On 15th May 2018, the Court of Appeal published its long awaited judgment in the joined appeal cases of P&P Property Ltd v Owen White & Catlin LLP (P&P) and Dreamvar v Mishcon de Reya (Dreamvar).
Both cases concerned an increasingly common conveyancing fraud known as a ‘property hijack’, which involves a fraudster selling a property that it does not own before disappearing with the sale proceeds. The innocent buyer is then left out of pocket having committed the purchase price but not having acquired the property in return.
The judgment deals with the liabilities owed to duped buyers by both their own lawyers and those acting for the fraudsters - where there has been a failure to adequately identify the party providing instructions to the “seller’s” lawyer. There was no suggestion, in P&P or Dreamvar that those acting for the fraudster knew of the fraud.

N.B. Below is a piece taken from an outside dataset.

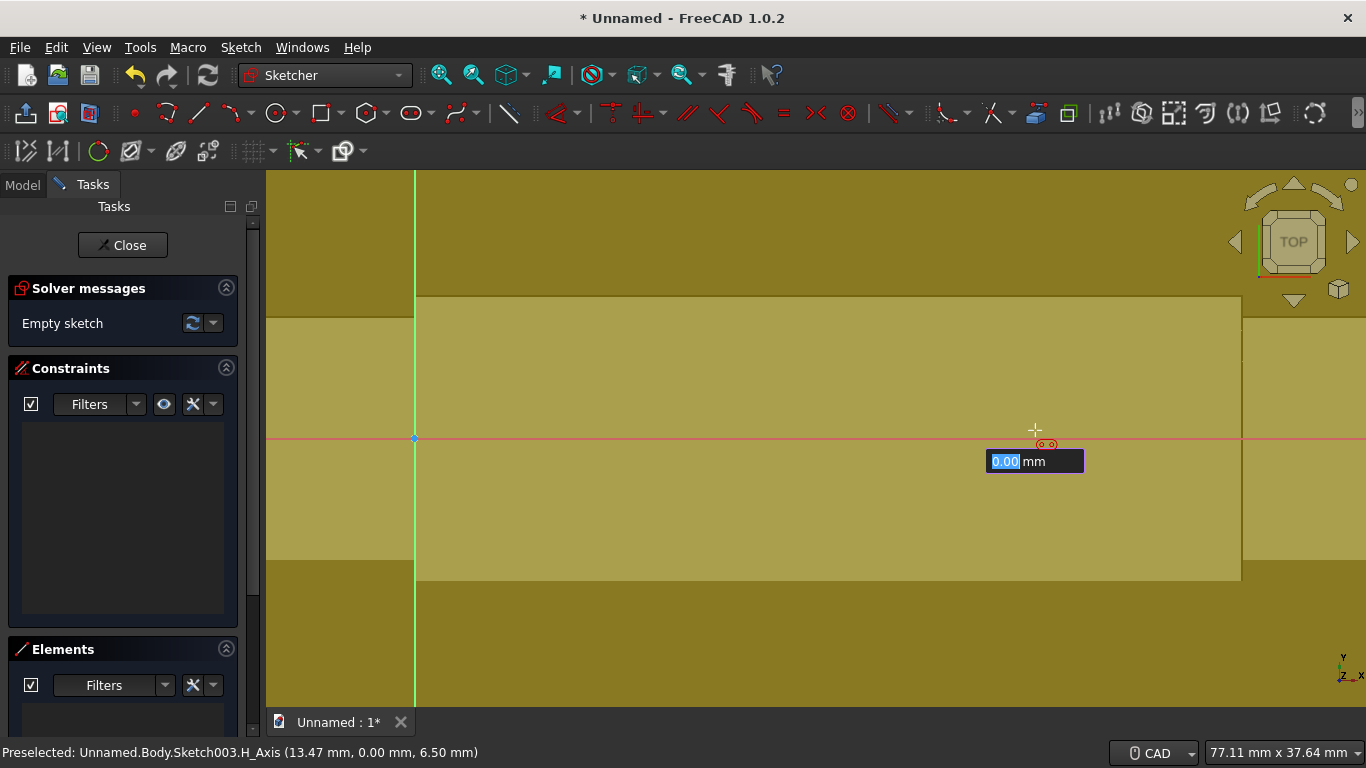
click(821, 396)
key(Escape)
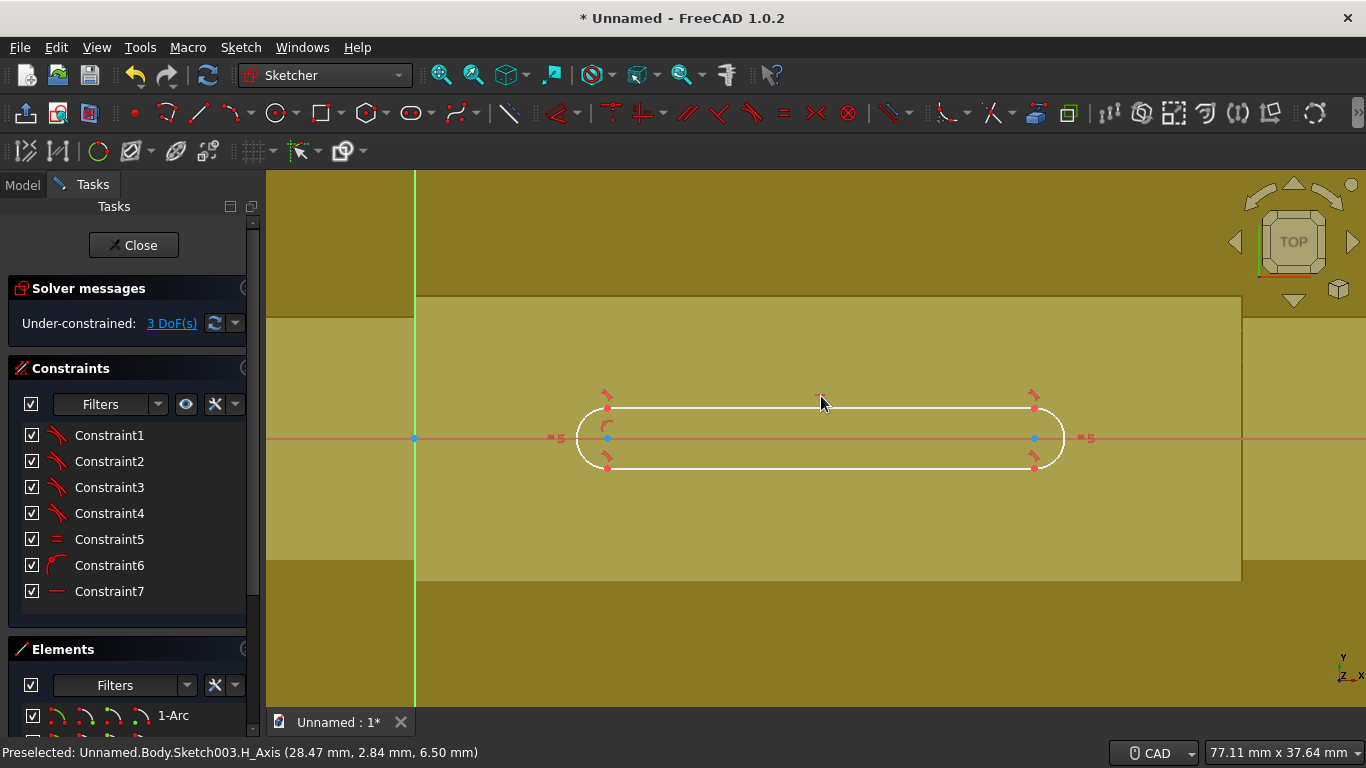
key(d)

Without addressing the technical aspects of the various claims made against both sets of lawyers in Dreamvar and against the seller’s lawyers in P&P, the headline is that the lawyers acting for the fraudsters in both cases were liable to the buyers and (to the surprise of many) the lawyers acting for the buyer in Dreamvar (Mishcon de Reya) were also liable to the buyer, even though there was no finding that Mishcon de Reya had been negligent. Note: no claims were made against the buyer’s lawyer in P&P.